***** INPUT FOR THIS TASK *****

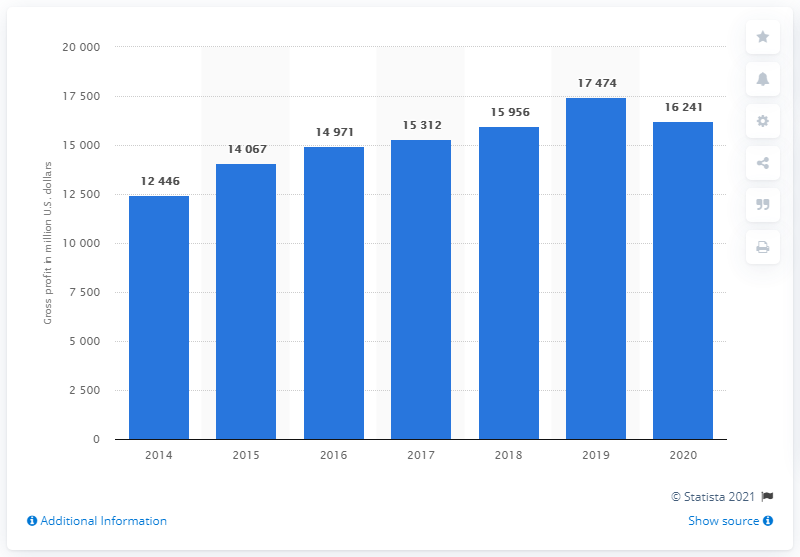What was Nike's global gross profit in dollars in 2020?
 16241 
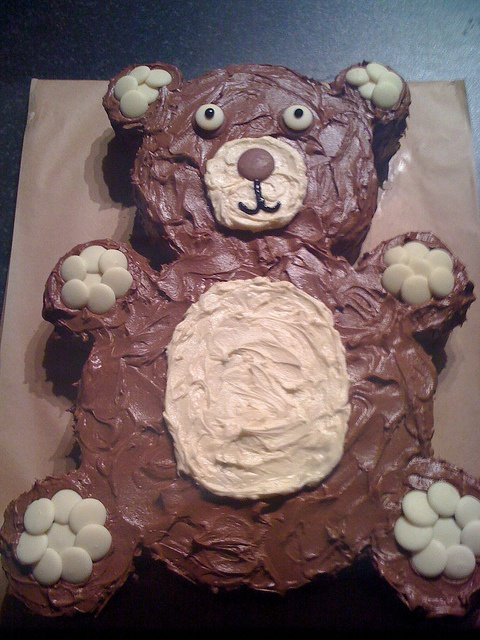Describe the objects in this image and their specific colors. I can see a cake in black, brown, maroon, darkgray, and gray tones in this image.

*****
***** INPUT FOR THIS TASK *****

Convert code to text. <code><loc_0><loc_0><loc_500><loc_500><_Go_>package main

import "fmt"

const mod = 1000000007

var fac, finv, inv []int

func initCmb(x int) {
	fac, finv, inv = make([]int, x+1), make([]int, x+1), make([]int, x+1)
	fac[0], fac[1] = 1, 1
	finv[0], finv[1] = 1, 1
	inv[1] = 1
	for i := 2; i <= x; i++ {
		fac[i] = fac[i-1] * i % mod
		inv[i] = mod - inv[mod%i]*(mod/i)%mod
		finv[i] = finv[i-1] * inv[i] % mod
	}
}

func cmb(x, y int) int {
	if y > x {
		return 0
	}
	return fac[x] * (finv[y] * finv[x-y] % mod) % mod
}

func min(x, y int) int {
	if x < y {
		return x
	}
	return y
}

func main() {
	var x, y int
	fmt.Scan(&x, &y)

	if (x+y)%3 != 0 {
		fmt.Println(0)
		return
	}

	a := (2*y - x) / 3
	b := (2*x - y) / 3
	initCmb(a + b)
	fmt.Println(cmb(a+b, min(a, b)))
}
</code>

*****

Transcribe exactly the lines above, beginning at the one with "What was Nike's" and going up to and including the one with "Describe the objects". Pictures do not belong in the copy.

What was Nike's global gross profit in dollars in 2020?
 16241 
Describe the objects in this image and their specific colors. I can see a cake in black, brown, maroon, darkgray, and gray tones in this image.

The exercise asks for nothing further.